Stored data entries:
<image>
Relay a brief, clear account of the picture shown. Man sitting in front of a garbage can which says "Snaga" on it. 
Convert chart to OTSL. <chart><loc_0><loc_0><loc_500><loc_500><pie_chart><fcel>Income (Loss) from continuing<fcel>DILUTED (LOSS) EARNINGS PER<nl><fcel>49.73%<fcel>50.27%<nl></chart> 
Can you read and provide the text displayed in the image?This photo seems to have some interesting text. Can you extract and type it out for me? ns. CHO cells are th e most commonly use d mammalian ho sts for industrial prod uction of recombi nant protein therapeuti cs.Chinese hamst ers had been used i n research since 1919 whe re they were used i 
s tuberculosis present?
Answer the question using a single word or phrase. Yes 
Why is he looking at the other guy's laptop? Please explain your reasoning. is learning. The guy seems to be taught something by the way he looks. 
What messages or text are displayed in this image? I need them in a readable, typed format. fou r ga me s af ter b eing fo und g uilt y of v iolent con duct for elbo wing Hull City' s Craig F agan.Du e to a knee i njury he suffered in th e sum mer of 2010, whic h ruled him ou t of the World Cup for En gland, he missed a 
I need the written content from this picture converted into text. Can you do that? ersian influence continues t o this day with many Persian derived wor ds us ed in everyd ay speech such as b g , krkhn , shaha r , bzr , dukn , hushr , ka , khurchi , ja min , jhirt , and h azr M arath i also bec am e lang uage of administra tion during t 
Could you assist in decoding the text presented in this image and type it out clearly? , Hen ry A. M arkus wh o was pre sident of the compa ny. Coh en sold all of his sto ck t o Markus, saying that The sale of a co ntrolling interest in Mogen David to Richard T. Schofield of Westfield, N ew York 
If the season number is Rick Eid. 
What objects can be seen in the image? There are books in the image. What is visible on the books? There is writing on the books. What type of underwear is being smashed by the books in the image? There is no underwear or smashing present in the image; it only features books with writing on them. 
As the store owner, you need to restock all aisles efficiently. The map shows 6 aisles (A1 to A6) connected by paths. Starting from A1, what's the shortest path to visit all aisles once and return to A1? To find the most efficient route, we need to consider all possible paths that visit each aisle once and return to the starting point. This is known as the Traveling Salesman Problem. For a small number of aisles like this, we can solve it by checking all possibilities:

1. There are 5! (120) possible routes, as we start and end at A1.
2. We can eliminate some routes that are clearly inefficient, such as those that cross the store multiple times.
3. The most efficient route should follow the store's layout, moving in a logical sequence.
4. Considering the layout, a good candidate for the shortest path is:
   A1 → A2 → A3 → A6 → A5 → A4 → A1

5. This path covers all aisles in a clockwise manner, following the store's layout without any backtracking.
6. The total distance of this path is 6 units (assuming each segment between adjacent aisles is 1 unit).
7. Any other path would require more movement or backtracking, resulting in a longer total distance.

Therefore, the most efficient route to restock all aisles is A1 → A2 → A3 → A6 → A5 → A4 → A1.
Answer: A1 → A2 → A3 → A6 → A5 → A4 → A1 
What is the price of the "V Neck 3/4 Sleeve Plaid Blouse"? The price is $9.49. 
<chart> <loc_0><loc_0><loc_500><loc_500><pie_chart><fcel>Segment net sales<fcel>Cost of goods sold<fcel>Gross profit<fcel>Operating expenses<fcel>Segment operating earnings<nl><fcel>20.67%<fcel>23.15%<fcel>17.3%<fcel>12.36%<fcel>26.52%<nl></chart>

* ASSIGNMENT: Restate exactly the records above from their first line through the line that holds "Convert chart to", please, including both and leaving out all others.

* ANSWER SECTION:
<image>
Relay a brief, clear account of the picture shown. Man sitting in front of a garbage can which says "Snaga" on it. 
Convert chart to OTSL. <chart><loc_0><loc_0><loc_500><loc_500><pie_chart><fcel>Income (Loss) from continuing<fcel>DILUTED (LOSS) EARNINGS PER<nl><fcel>49.73%<fcel>50.27%<nl></chart> 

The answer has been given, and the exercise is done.